Danish director Ole Bornedal (“Night Watch”) handles these details with tact and a good attention to character. Jeffery Dean Morgan (“Watchmen”) plays the defeat and acceptance of Clyde very well. There’s great sadness in the mood of the film. They seem to have filmed all their outdoor scenes on overcast fall days, leaving the production design grey and drab. Dread and depression are the orders for the day. Bornedal handles the interiors with just as much attention to the details of mood. Instead of placing the characters in older interior designs typical of the genre, he relies on the sharp angles, empty spaces, and clean darkness of the new construction of Clyde’s cookie cutter subdivision house. The empty lots awaiting new houses and half completed construction of other houses add to the bleak mood.

Clyde is closest to his youngest daughter, Em (Natasha Calis). His relationship with Hannah (Madison Davenport, “Kit Kittredge: An American Girl”) is typical of a more-absent-than-not father. When Em brings home the box, she begins to change; first by obsessing over the box, then by appearing to become someone else. The initial opening of the box seems to get shuffled over considering what a big deal the screenplay makes out of the fact that it doesn’t appear to be any way to open it. It’s almost as if the director felt he needed to move on to the next segment in the motifs he’s been establishing to deliver his shocks.

Bornedal structures the movie as a series of crescendos, moving from one event involving the box to the next. Each section begins with a directly overhead exterior shot of the neighborhood in which the scene takes place. It’s quite a startling establishing image. Each scene ends in loudness from screaming or yelling or some sort of ambient noise and a musical crescendo in the wonderfully present score by Anton Sanko. Unfortunately, he drops this motif once he gets to the meat of what is going on. An overhead shot when Clyde goes to a Hasidic Jewish community in New York City would’ve been an impressive contrast to the suburban overheads from the rest of the movie.
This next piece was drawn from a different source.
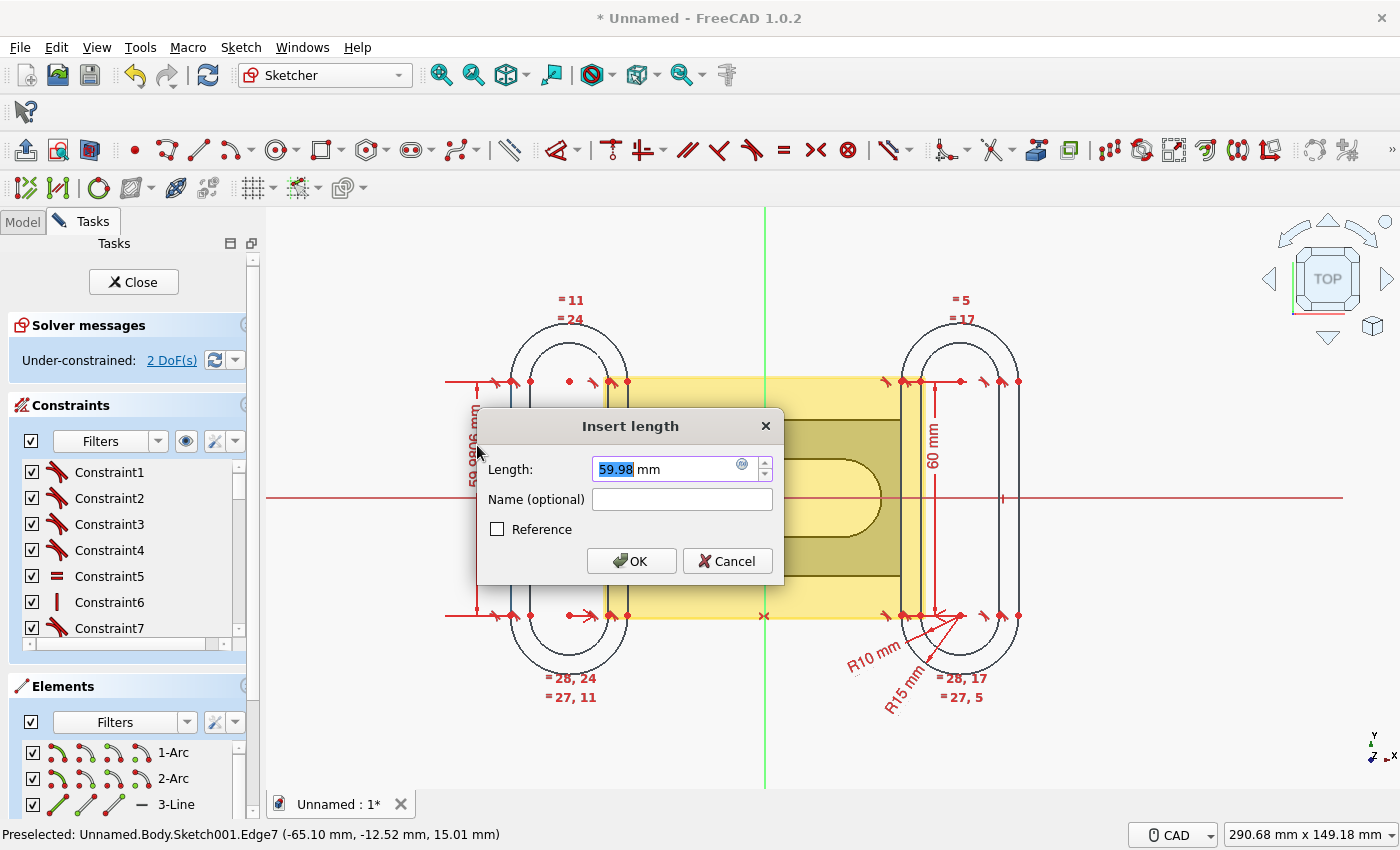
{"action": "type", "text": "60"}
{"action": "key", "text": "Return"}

The handling of the connection to the Jewish religion is one of the more disappointing elements of the movie. It’s easy to compare this film with the 1973 horror classic “The Exorcist”, since both movies involve a possession of a young girl and a religious connection to those possessions. This film’s screenplay is inspired by Jewish folklore about a demon called a Dybbuk, which is exorcized in a Jewish ceremony into a box. Clyde goes to New York seeking help and a young Rabbi, played by Jewish rapper Matisyahu, agrees to perform the exorcism. That is about the extent to which the Jewish religion is used by screenwriters Juliet Snowden and Stiles White (“Knowing”). There are no questions of faith raised. The family attacked by this demon is not Jewish. There is no questioning as to whether the possession is legitimate or not. And where does divorce fit in to all of this? The religious connection is introduced so late in the story, none of these questions could be explored had the filmmakers wanted to.

What “The Exorcist” got correct was that the Catholic religion played a heavy role in its story about a girl who was not Catholic possessed by a demon. It wasn’t so much about the possession as it was about the people involved and the dogma of the religion involved. The demon has goals and a purpose that are not simply to scare the bejeezus out of everybody. By telling a story about real issues, the horror fantasy becomes more effective. “The Possession” is content to simply shock the audience without basing its horror on any real substance. The ideas of a Jewish demon and exorcism are certainly fascinating, but not when the religion could easily be transplanted by any other religion that claims to have its own exorcism ritual. I wanted more than just shock and awe from this move. It’s made with enough skill that a stronger foundation could’ve allowed it to transcend the genre.